Description of the task:
The task calls for each record to be given again unchanged, minus any pictures.

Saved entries
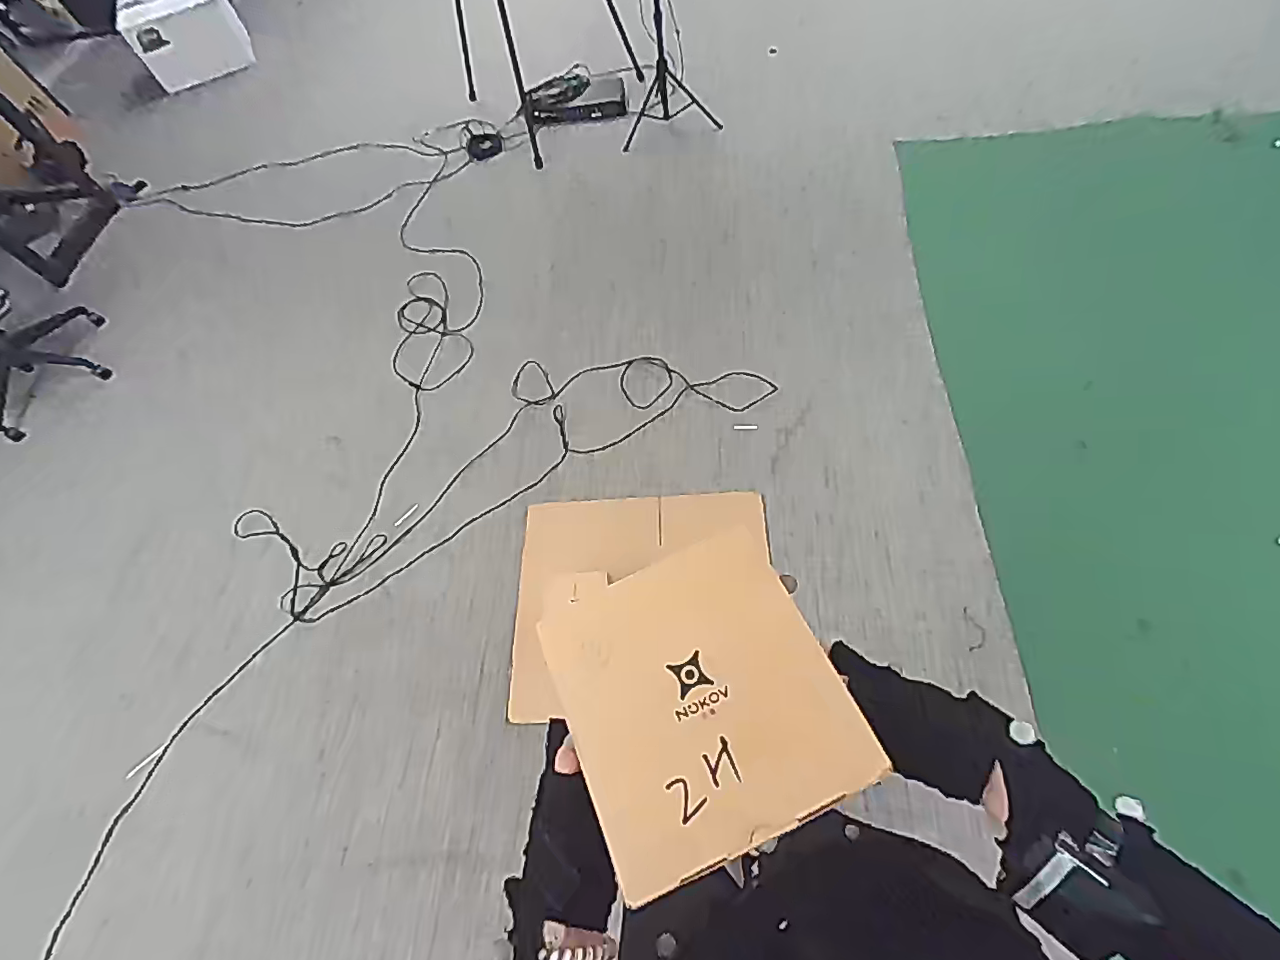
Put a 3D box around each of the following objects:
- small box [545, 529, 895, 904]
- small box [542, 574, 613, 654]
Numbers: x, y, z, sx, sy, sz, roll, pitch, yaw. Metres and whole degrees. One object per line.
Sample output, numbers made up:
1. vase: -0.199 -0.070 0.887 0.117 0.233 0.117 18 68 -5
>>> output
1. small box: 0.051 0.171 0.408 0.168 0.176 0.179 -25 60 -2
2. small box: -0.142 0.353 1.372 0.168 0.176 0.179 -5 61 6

Output below:
Put a 3D box around each of the following objects:
- small box [545, 529, 895, 904]
- small box [542, 574, 613, 654]
Numbers: x, y, z, sx, sy, sz, roll, pitch, yaw. Metres and whole degrees. One object per line.
Sample output, numbers made up:
1. vase: -0.199 -0.070 0.887 0.117 0.233 0.117 18 68 -5
>>> output
1. small box: 0.051 0.171 0.408 0.168 0.176 0.179 -25 60 -2
2. small box: -0.142 0.353 1.372 0.168 0.176 0.179 -5 61 6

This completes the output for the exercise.